What This Means for the Rest of the Ecosystem
For founders and developers who were not at the G7 table, this shift has concrete implications.
First: The companies present will define the de facto technical standards that the rest of us will have to follow. If OpenAI implements a watermarking system in its APIs, every startup using GPT-5 will have to incorporate it. If Anthropic requires specific safety protocols to access Claude 4, there will be no viable alternative for enterprise applications.
Second: The window for building independent alternatives is closing. Mistral, Cohere, and Inflection emerged promising to be counterweights to the giants. However, two years later, Mistral is now partnered with Microsoft, Cohere relies on government contracts, and Inflection was acquired by Microsoft. The pattern is clear: either you rapidly develop into a strategic player, or you end up being acquired or marginalized.
Third: Open-source AI faces an existential challenge. Meta continues to release Llama models but with increasingly severe restrictions. Stability AI is in financial trouble, and Hugging Face is profitable but cannot compete in training cutting-edge models. If the regulation emerging from the G7 favors auditable models, open source will be limited to non-critical applications.
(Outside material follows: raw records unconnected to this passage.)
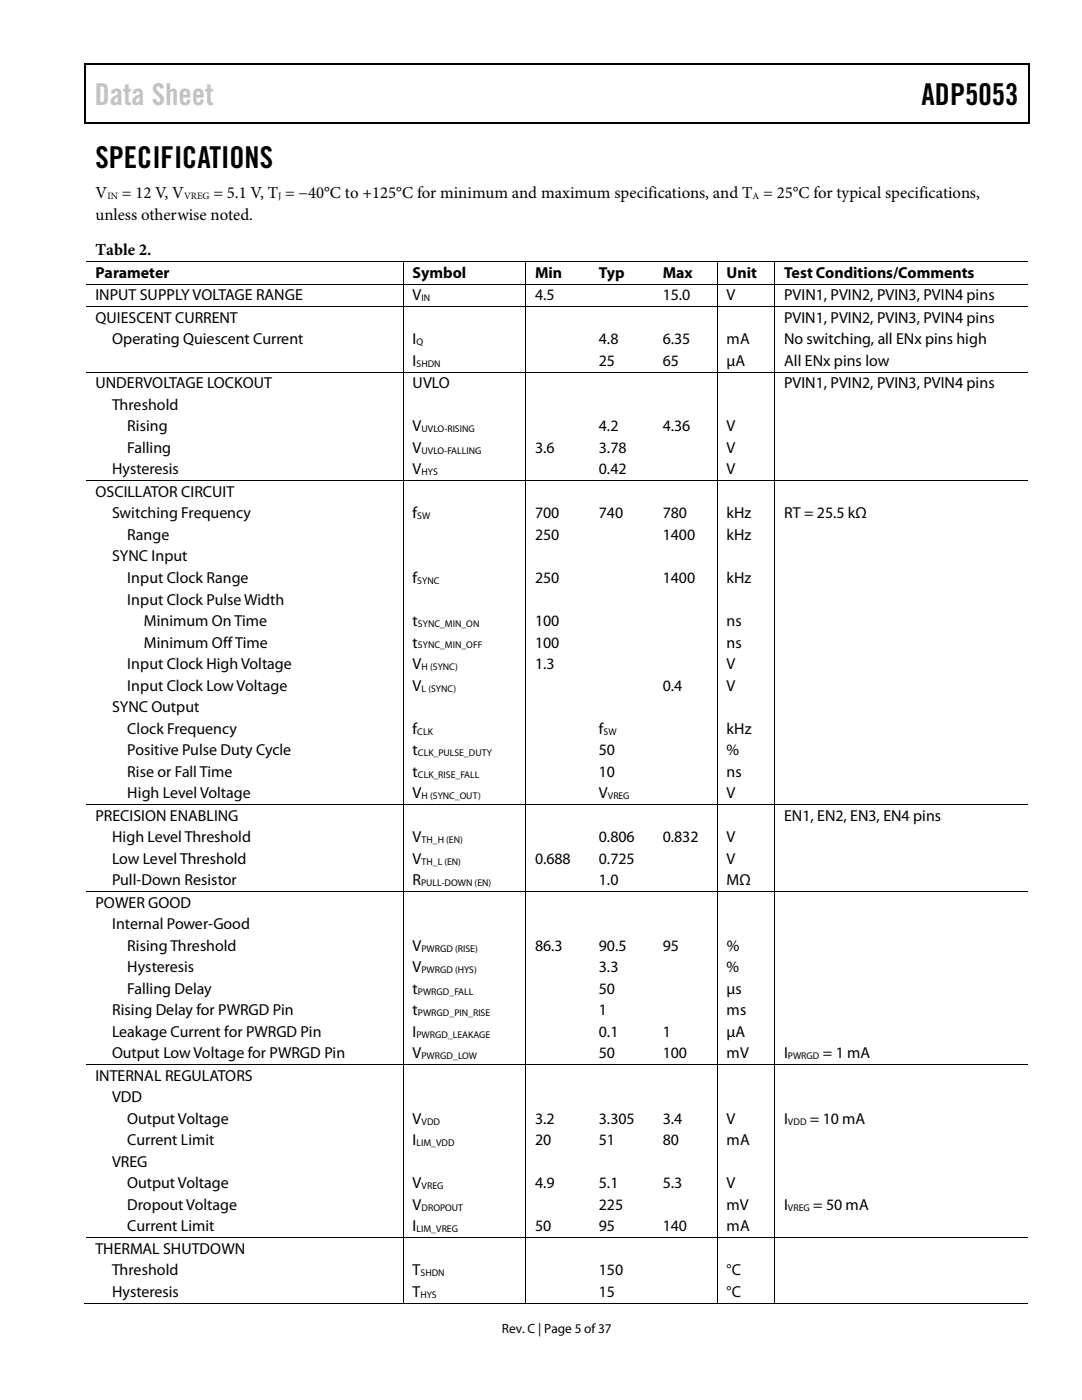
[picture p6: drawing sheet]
<svg xmlns="http://www.w3.org/2000/svg" width="216mm" height="279mm" viewBox="0 0 216 279" stroke-linecap="round" stroke-linejoin="round" font-family="sans-serif">
<defs><g id="words">
<text font-size="6" fill="#c1c1c1" x="18.9" y="20.9">Data Sheet</text>
<g font-size="6">
<text x="183.9" y="20.9">ADP5053</text>
<text x="19" y="33.6">SPECIFICATIONS</text>
</g>
<g font-size="3.3">
<text x="19" y="39.5">V</text>
<text x="24.3" y="39.5">= 12 V, V</text>
<text x="42.6" y="39.5">= 5.1 V, T = −40°C to +125°C for minimum and maximum specifications, and T = 25°C for typical specifications,</text>
<text x="19.1" y="43.8">unless otherwise noted.</text>
<text x="19.1" y="50.9">Table 2.</text>
</g>
<g font-size="3.2">
<text x="19" y="55.5">Parameter</text>
<text x="19" y="59.9">INPUT SUPPLY VOLTAGE RANGE</text>
<text x="82.3" y="55.5">Symbol</text>
<text x="82.3" y="59.9">V</text>
<text x="106.8" y="55.5">Min</text>
<text x="106.8" y="59.9">4.5</text>
<text x="119.5" y="55.5">Typ</text>
<text x="132.2" y="55.5">Max</text>
<text x="132.2" y="59.9">15.0</text>
<text x="145" y="55.5">Unit</text>
<text x="145" y="59.9">V</text>
<text x="156.5" y="59.9">PVIN1, PVIN2, PVIN3, PVIN4 pins</text>
<text x="156.5" y="55.5">Test Conditions/Comments</text>
<text x="19" y="64.4">QUIESCENT CURRENT</text>
<text x="156.5" y="64.4">PVIN1, PVIN2, PVIN3, PVIN4 pins</text>
<text x="22.4" y="68.7">Operating Quiescent Current</text>
<text x="82.3" y="68.7">I</text>
<text x="119.5" y="68.7">4.8</text>
<text x="132.2" y="68.7">6.35</text>
<text x="145" y="68.7">mA</text>
<text x="156.5" y="68.7">No switching, all ENx pins high</text>
<text x="19" y="77.5">UNDERVOLTAGE LOCKOUT</text>
<text x="82.3" y="77.5">UVLO</text>
<text x="82.3" y="73">I</text>
<text x="119.5" y="73">25</text>
<text x="132.3" y="73">65</text>
<text x="145" y="73">µA</text>
<text x="156.5" y="77.5">PVIN1, PVIN2, PVIN3, PVIN4 pins</text>
<text x="156.5" y="73">All ENx pins low</text>
<text x="22.4" y="81.8">Threshold</text>
<text x="25.4" y="86.1">Rising</text>
<text x="82.3" y="86.1">V</text>
<text x="119.5" y="86.1">4.2</text>
<text x="132.2" y="86.1">4.36</text>
<text x="145" y="86.1">V</text>
<text x="22.4" y="94.7">Hysteresis</text>
<text x="25.4" y="90.4">Falling</text>
<text x="82.3" y="90.4">V</text>
<text x="82.3" y="94.7">V</text>
<text x="106.8" y="90.4">3.6</text>
<text x="119.5" y="94.7">0.42</text>
<text x="119.5" y="90.4">3.78</text>
<text x="145" y="90.4">V</text>
<text x="145" y="94.7">V</text>
<text x="19" y="99.1">OSCILLATOR CIRCUIT</text>
<text x="22.4" y="103.5">Switching Frequency</text>
<text x="25.4" y="107.7">Range</text>
<text x="82.3" y="103.5">f</text>
<text x="106.8" y="107.7">250</text>
<text x="106.8" y="103.5">700</text>
<text x="119.5" y="103.5">740</text>
<text x="132.2" y="107.7">1400</text>
<text x="132.2" y="103.5">780</text>
<text x="145" y="107.7">kHz</text>
<text x="145" y="103.5">kHz</text>
<text x="156.5" y="103.5">RT = 25.5 kΩ</text>
<text x="22.4" y="112.1">SYNC Input</text>
<text x="25.4" y="116.3">Input Clock Range</text>
<text x="82.3" y="116.3">f</text>
<text x="106.8" y="116.3">250</text>
<text x="132.2" y="116.3">1400</text>
<text x="145" y="116.3">kHz</text>
<text x="25.4" y="120.7">Input Clock Pulse Width</text>
<text x="28.7" y="124.9">Minimum On Time</text>
<text x="82.3" y="124.9">t</text>
<text x="106.8" y="124.9">100</text>
<text x="145" y="124.9">ns</text>
<text x="28.7" y="129.2">Minimum Off Time</text>
<text x="82.3" y="129.2">t</text>
<text x="106.8" y="129.2">100</text>
<text x="145" y="129.2">ns</text>
<text x="25.4" y="133.5">Input Clock High Voltage</text>
<text x="25.4" y="137.8">Input Clock Low Voltage</text>
<text x="82.3" y="133.5">V</text>
<text x="82.3" y="137.8">V</text>
<text x="106.8" y="133.5">1.3</text>
<text x="132.2" y="137.8">0.4</text>
<text x="145" y="133.5">V</text>
<text x="145" y="137.8">V</text>
<text x="22.4" y="142.1">SYNC Output</text>
<text x="25.4" y="146.4">Clock Frequency</text>
<text x="82.3" y="146.4">f</text>
<text x="119.5" y="146.4">f</text>
<text x="145" y="146.4">kHz</text>
<text x="25.4" y="150.7">Positive Pulse Duty Cycle</text>
<text x="25.4" y="155">Rise or Fall Time</text>
<text x="82.3" y="150.7">t</text>
<text x="82.3" y="155">t</text>
<text x="119.5" y="150.7">50</text>
<text x="119.5" y="155">10</text>
<text x="145" y="150.7">%</text>
<text x="145" y="155">ns</text>
<text x="25.4" y="159.3">High Level Voltage</text>
<text x="82.3" y="159.3">V</text>
<text x="119.5" y="159.3">V</text>
<text x="145" y="159.3">V</text>
<text x="19" y="163.8">PRECISION ENABLING</text>
<text x="156.5" y="163.8">EN1, EN2, EN3, EN4 pins</text>
<text x="22.4" y="168.1">High Level Threshold</text>
<text x="22.4" y="172.4">Low Level Threshold</text>
<text x="82.3" y="172.4">V</text>
<text x="82.3" y="168.1">V</text>
<text x="106.8" y="172.4">0.688</text>
<text x="119.5" y="168.1">0.806</text>
<text x="119.5" y="172.4">0.725</text>
<text x="132.2" y="168.1">0.832</text>
<text x="145" y="172.4">V</text>
<text x="145" y="168.1">V</text>
<text x="22.4" y="176.7">Pull-Down Resistor</text>
<text x="82.3" y="176.7">R</text>
<text x="119.5" y="176.7">1.0</text>
<text x="145" y="176.7">MΩ</text>
<text x="19" y="181.1">POWER GOOD</text>
<text x="22.4" y="185.4">Internal Power-Good</text>
<text x="25.4" y="189.7">Rising Threshold</text>
<text x="82.3" y="189.7">V</text>
<text x="106.8" y="189.7">86.3</text>
<text x="119.5" y="189.7">90.5</text>
<text x="132.3" y="189.7">95</text>
<text x="145" y="189.7">%</text>
<text x="25.4" y="194">Hysteresis</text>
<text x="82.3" y="194">V</text>
<text x="119.5" y="194">3.3</text>
<text x="145" y="194">%</text>
<text x="22.4" y="202.6">Rising Delay for PWRGD Pin</text>
<text x="25.4" y="198.3">Falling Delay</text>
<text x="82.3" y="202.6">t</text>
<text x="82.3" y="198.3">t</text>
<text x="119.5" y="198.3">50</text>
<text x="119.5" y="202.6">1</text>
<text x="145" y="198.3">µs</text>
<text x="145" y="202.6">ms</text>
<text x="22.4" y="206.9">Leakage Current for PWRGD Pin</text>
<text x="82.3" y="206.9">I</text>
<text x="119.5" y="206.9">0.1</text>
<text x="132.2" y="206.9">1</text>
<text x="145" y="206.9">µA</text>
<text x="19" y="215.7">INTERNAL REGULATORS</text>
<text x="22.4" y="211.2">Output Low Voltage for PWRGD Pin</text>
<text x="82.3" y="211.2">V</text>
<text x="119.5" y="211.2">50</text>
<text x="132.3" y="211.2">100</text>
<text x="145" y="211.2">mV</text>
<text x="156.5" y="211.2">I</text>
<text x="164.2" y="211.2">= 1 mA</text>
<text x="22.4" y="220">VDD</text>
<text x="25.4" y="224.3">Output Voltage</text>
<text x="82.3" y="224.3">V</text>
<text x="106.8" y="224.3">3.2</text>
<text x="119.5" y="224.3">3.305</text>
<text x="132.2" y="224.3">3.4</text>
<text x="145" y="224.3">V</text>
<text x="156.5" y="224.3">I</text>
<text x="161.6" y="224.3">= 10 mA</text>
<text x="22.4" y="232.9">VREG</text>
<text x="25.4" y="228.6">Current Limit</text>
<text x="82.3" y="228.6">I</text>
<text x="106.8" y="228.6">20</text>
<text x="119.5" y="228.6">51</text>
<text x="132.2" y="228.6">80</text>
<text x="145" y="228.6">mA</text>
<text x="25.4" y="237.2">Output Voltage</text>
<text x="82.3" y="237.2">V</text>
<text x="106.8" y="237.2">4.9</text>
<text x="119.5" y="237.2">5.1</text>
<text x="132.2" y="237.2">5.3</text>
<text x="145" y="237.2">V</text>
<text x="25.4" y="241.5">Dropout Voltage</text>
<text x="25.4" y="245.7">Current Limit</text>
<text x="82.3" y="241.5">V</text>
<text x="82.3" y="245.7">I</text>
<text x="106.8" y="245.7">50</text>
<text x="119.5" y="241.5">225</text>
<text x="119.5" y="245.7">95</text>
<text x="132.3" y="245.7">140</text>
<text x="145" y="241.5">mV</text>
<text x="145" y="245.7">mA</text>
<text x="156.5" y="241.5">I</text>
<text x="162.3" y="241.5">= 50 mA</text>
<text x="19" y="250.2">THERMAL SHUTDOWN</text>
<text x="22.4" y="254.5">Threshold</text>
<text x="82.3" y="254.5">T</text>
<text x="119.5" y="254.5">150</text>
<text x="145" y="254.5">°C</text>
<text x="22.4" y="258.8">Hysteresis</text>
<text x="82.3" y="258.8">T</text>
<text x="119.5" y="258.8">15</text>
<text x="145" y="258.8">°C</text>
</g>
<text font-size="2.7" x="100.2" y="266">Rev. C | Page 5 of37</text>
<g font-size="1.9">
<text x="21.4" y="39.7">IN</text>
<text x="36.7" y="39.7">VREG</text>
<text x="55.5" y="39.7">J</text>
<text x="150.2" y="39.7">A</text>
<text x="84.1" y="60.1">IN</text>
<text x="83.1" y="68.9">Q</text>
<text x="83.1" y="73.2">SHDN</text>
<text x="84.1" y="86.2">UVLO-RISING</text>
<text x="84.1" y="90.6">UVLO-FALLING</text>
<text x="84.1" y="94.8">HYS</text>
<text x="83.3" y="103.6">SW</text>
<text x="83.3" y="116.5">SYNC</text>
<text x="83.4" y="125.1">SYNC_MIN_ON</text>
<text x="83.4" y="129.4">SYNC_MIN_OFF</text>
<text x="84.1" y="133.7">H (SYNC)</text>
<text x="84.1" y="138">L (SYNC)</text>
<text x="83.3" y="146.6">CLK</text>
<text x="120.4" y="146.6">SW</text>
<text x="83.4" y="150.9">CLK_PULSE_DUTY</text>
<text x="83.4" y="155.2">CLK_RISE_FALL</text>
<text x="84.1" y="159.5">H (SYNC_OUT)</text>
<text x="121.3" y="159.5">VREG</text>
<text x="84.1" y="168.2">TH_H (EN)</text>
<text x="84.1" y="172.6">TH_L (EN)</text>
<text x="84" y="176.8">PULL-DOWN (EN)</text>
<text x="84.1" y="189.9">PWRGD (RISE)</text>
<text x="84.1" y="194.2">PWRGD (HYS)</text>
<text x="83.4" y="198.5">PWRGD_FALL</text>
<text x="83.4" y="202.8">PWRGD_PIN_RISE</text>
<text x="83.1" y="207.1">PWRGD_LEAKAGE</text>
<text x="84.1" y="211.4">PWRGD_LOW</text>
<text x="157.2" y="211.4">PWRGD</text>
<text x="84.1" y="224.5">VDD</text>
<text x="157.2" y="224.5">VDD</text>
<text x="83.1" y="228.7">LIM_VDD</text>
<text x="84.1" y="237.3">VREG</text>
<text x="83.1" y="245.9">LIM_VREG</text>
<text x="84.1" y="241.6">DROPOUT</text>
<text x="157.2" y="241.6">VREG</text>
<text x="83.9" y="254.7">SHDN</text>
<text x="83.9" y="259">HYS</text>
</g>
</g></defs>
<g fill="#000">
<path d="M16.9 12.7h.2v1h-.2zM16.9 12.7h.2v.3h-.2zM82.5 12.7h.3v.3h-.3zM205.1 12.7h.3v1h-.3zM205.1 12.7h.3v.3h-.3zM16.9 24.4h.2v.2h-.2zM82.3 24.4h.2v.2h-.2zM205.1 24.4h.3v.2h-.3zM80.3 52.1h.2v.2h-.2zM80.3 56.6h.2v.2h-.2zM104.8 52.1h.2v.2h-.2zM104.8 56.6h.2v.2h-.2z"/>
<path d="M117.6 52.1h.2v.2h-.2zM117.6 56.6h.2v.2h-.2zM130.3 52.1h.2v.2h-.2zM130.3 56.6h.2v.2h-.2zM143 52.1h.2v.2h-.2zM143 56.6h.2v.2h-.2zM154.5 52.1h.1v.2h-.1zM154.5 56.6h.1v.2h-.1zM80.3 61.1h.2v.2h-.2zM80.3 74.2h.2v.1h-.2zM104.8 61.1h.2v.2h-.2zM104.8 74.2h.2v.1h-.2z"/>
<path d="M117.6 61.1h.2v.2h-.2zM117.6 74.2h.2v.1h-.2zM130.3 61.1h.2v.2h-.2zM130.3 74.2h.2v.1h-.2zM143 61.1h.2v.2h-.2zM143 74.2h.2v.1h-.2zM154.5 61.1h.1v.2h-.1zM154.5 74.2h.1v.1h-.1zM80.3 95.8h.2v.2h-.2zM104.8 95.8h.2v.2h-.2zM117.6 95.8h.2v.2h-.2zM130.3 95.8h.2v.2h-.2z"/>
<path d="M143 95.8h.2v.2h-.2zM154.5 95.8h.1v.2h-.1zM80.3 160.4h.2v.2h-.2zM80.3 177.8h.2v.2h-.2zM104.8 160.4h.2v.2h-.2zM104.8 177.8h.2v.2h-.2zM117.6 160.4h.2v.2h-.2zM117.6 177.8h.2v.2h-.2zM130.3 160.4h.2v.2h-.2zM130.3 177.8h.2v.2h-.2zM143 160.4h.2v.2h-.2zM143 177.8h.2v.2h-.2z"/>
<path d="M154.5 160.4h.1v.2h-.1zM154.5 177.8h.1v.2h-.1zM80.3 212.4h.2v.2h-.2zM104.8 212.4h.2v.2h-.2zM117.6 212.4h.2v.2h-.2zM130.3 212.4h.2v.2h-.2zM143 212.4h.2v.2h-.2zM154.5 212.4h.1v.2h-.1zM80.3 246.9h.2v.2h-.2zM104.8 246.9h.2v.2h-.2zM117.6 246.9h.2v.2h-.2zM130.3 246.9h.2v.2h-.2z"/>
<path d="M143 246.9h.2v.2h-.2zM154.5 246.9h.1v.2h-.1zM80.3 260h.2v.2h-.2zM104.8 260h.2v.2h-.2zM117.3 260h.2v.2h-.2zM130.1 260h.2v.2h-.2zM143 260h.2v.2h-.2zM154.5 260h.1v.2h-.1z"/>
</g>
<path d="M17 13.7v10.7M17.1 12.8h65.4M82.8 12.8h122.3M205.2 13.7v10.7M17.1 24.5h188" fill="none" stroke="#000" stroke-width=".25"/>
<g fill="none" stroke="#000" stroke-width=".2">
<path d="M17.1 52.2h63.2M17.1 56.7h63.2M80.4 52.3v4.3M80.4 56.8v4.3M80.5 52.2h24.3M80.5 56.7h24.3M104.9 52.3v4.3M104.9 56.8v4.3M105 52.2h12.6M105 56.7h12.6M117.8 52.2h12.5M117.8 56.7h12.5"/>
<path d="M130.5 52.2h12.5M130.5 56.7h12.5M143.1 52.3v4.3M143.1 56.8v4.3M143.2 52.2h11.3M143.2 56.7h11.3M154.6 52.3v4.3M154.6 56.8v4.3M154.6 52.2h50.5M154.6 56.7h50.5M17.1 61.2h63.2M17.1 74.3h63.2"/>
<path d="M80.4 61.3v12.9M80.4 74.3v21.5M80.5 61.2h24.3M80.5 74.3h24.3M104.9 61.3v12.9M104.9 74.3v21.5M105 61.2h12.6M105 74.3h12.6M117.8 61.2h12.5M117.8 74.3h12.5M130.5 61.2h12.5M130.5 74.3h12.5"/>
<path d="M143.1 61.3v12.9M143.1 74.3v21.5M143.2 61.2h11.3M143.2 74.3h11.3M154.6 61.3v12.9M154.6 74.3v21.5M154.6 61.2h50.5M154.6 74.3h50.5M17.1 95.9h63.2M80.4 96v64.4M80.5 95.9h24.3M104.9 96v64.4"/>
<path d="M105 95.9h12.6M117.8 95.9h12.5M130.5 95.9h12.5M143.1 96v64.4M143.2 95.9h11.3M154.6 96v64.4M154.6 95.9h50.5M17.1 160.5h63.2M17.1 177.9h63.2M80.4 160.6v17.2M80.4 178v34.4M80.5 160.5h24.3"/>
<path d="M80.5 177.9h24.3M104.9 160.6v17.2M104.9 178v34.4M105 160.5h12.6M105 177.9h12.6M117.8 160.5h12.5M117.8 177.9h12.5M130.5 160.5h12.5M130.5 177.9h12.5M143.1 160.6v17.2M143.1 178v34.4M143.2 160.5h11.3"/>
<path d="M143.2 177.9h11.3M154.6 160.6v17.2M154.6 178v34.4M154.6 160.5h50.5M154.6 177.9h50.5M17.1 212.5h63.2M80.4 212.6v34.3M80.5 212.5h24.3M104.9 212.6v34.3M105 212.5h12.6M117.8 212.5h12.5M130.5 212.5h12.5"/>
<path d="M143.1 212.6v34.3M143.2 212.5h11.3M154.6 212.6v34.3M154.6 212.5h50.5M17.1 247h63.2M80.4 247.1v12.9M80.5 247h24.3M104.9 247.1v12.9M105 247h12.6M117.8 247h12.5M130.5 247h12.5M143.1 247.1v12.9"/>
<path d="M143.2 247h11.3M154.6 247.1v12.9M154.6 247h50.5M16.9 260.1h63.4M80.5 260.1h24.3M105 260.1h38M143.2 260.1h11.3M154.6 260.1h50.5"/>
</g>
<use href="#words"/>
</svg>

Fourth: For European and Latin American startups, dependence on U.S. infrastructure becomes a geopolitical issue. If your product relies on APIs from OpenAI or Anthropic, you subject yourself not only to their terms of service but also to U.S. foreign policy. When Washington imposed restrictions on AI chip exports to China, those restrictions automatically applied to services based on those chips. Your startup in Barcelona or Buenos Aires became subject to the geopolitics of Silicon Valley, without having chosen it.
The Question No One Is Asking
All analyses of the G7 summit focus on the agreements and proposed regulations. But the more important question is: what conversations took place in the closed-door meetings that we didn't have access to?
What was publicly shown was a carefully choreographed theater. Press statements about "responsible AI development" and "international cooperation" camouflage the real decisions about who can train which models. The red lines, the negotiations between security and competitiveness... those talks happened in private.
In those meetings, the balance of power is different from what is observed at the official table. Heads of state have democratic legitimacy, but AI CEOs possess technical leverage. A prime minister can threaten regulation, but if that regulation makes competing with China impossible, the CEO can simply respond, "then we’ll lose," diluting the threat.
It is the technological equivalent of what economists call "too big to fail," but it's even deeper. These companies are "too critical to regulate meaningfully." You can impose fines or superficial restrictions, but you cannot fragment them without ruining the technical capabilities you need for national security, economic competitiveness, and digital infrastructure.
The G7 summit in Genoa will be remembered not for the specific agreements it produced but for the institutional precedent it established. It marked the moment when governments formally recognized that the power to shape the future of AI resides in the hands of a few tech companies.